Esqueça o terrorismo por um momento. Vamos falar de algo corriqueiro como o crime. Por que o crime acontece? Você poderia afirmar, por exemplo, que acontece porque os jovens não têm empregados adequados. Ou poderia afirmar que acontece porque as portas de nossos edifícios não são fortes o bastante. Se dispusesse de verbas limitadas para gastar, você poderia dedicá-las a um programa nacional de empregos, ou poderia equipar as casas com câmeras, sensores e fechaduras ainda melhores. Qual seria a solução certa?

Se você for um tecnocrata em cargo administrativo, a resposta é fácil: adote a opção mais barata. Mas e se você for parte daquela rara categoria, a dos políticos responsáveis? Só porque alguns crimes agora se tornaram mais difíceis de cometer, não significa que os jovens anteriormente desempregados enfim encontraram trabalho. Câmeras de segurança podem reduzir o crime -ainda que os dados a respeito sejam contraditórios-, mas nenhum estudo demonstra que resultam em maior felicidade para todos os envolvidos. Os jovens problemáticos continuam a enfrentar o mesmo problema do passado - mas talvez agora passem a descarregar sua raiva uns nos outros. Sob essa leitura, fortificar nossas ruas sem examinar as raízes do crime é uma estratégia que resultará em derrota, pelo menos em longo prazo.

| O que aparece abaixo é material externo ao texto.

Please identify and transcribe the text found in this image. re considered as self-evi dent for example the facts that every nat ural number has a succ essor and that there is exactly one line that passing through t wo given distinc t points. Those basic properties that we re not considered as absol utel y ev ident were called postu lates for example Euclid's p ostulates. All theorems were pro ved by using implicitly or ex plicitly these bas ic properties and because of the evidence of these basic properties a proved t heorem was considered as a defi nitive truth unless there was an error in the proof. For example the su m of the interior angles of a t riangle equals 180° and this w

Os serviços big data são mais ou menos como as câmeras de vigilância, nessa analogia. Sim, podem nos ajudar a tornar menos frequentes certas perturbações à saúde do sistema. Mas também podem nos cegar para o fato de que o problema existente requer abordagem mais radical; eles nos dão tempo, mas também criam uma falsa sensação de domínio.

Podemos estabelecer aqui uma distinção entre big data -números e correlações- e big narrative, uma abordagem antropológica e propelida por narrativas que busca explicar por que as coisas são como são. Big data custa barato e big narrative custa caro. Big data é claro, e big narrative é confuso. Big data permite ações práticas, e big narrative gera paralisia.

A promessa dos sistemas big data é que permitirão que evitemos os percalços do método big narrative. Mas isso é também seu maior custo. No caso de uma questão extremamente emocional como o terrorismo, é fácil acreditar que o big data possa fazer maravilhas. Mas quando falamos de questões mais corriqueiras, se torna evidente que a suposta superferramenta é um instrumento bastante frágil que enfrenta os problemas de maneira pouco imaginosa e pouco ambiciosa. E pior: impede que conduzamos debates públicos importantes.

O big data é excelente como paliativo. Mas paliativos não resolvem quando o paciente precisa de cirurgia. Caso seja esse o caso, o amor pelos paliativos resulta muitas vezes em amputação. Mas não tenho como ter certeza, já que isso é o que o big data me diz.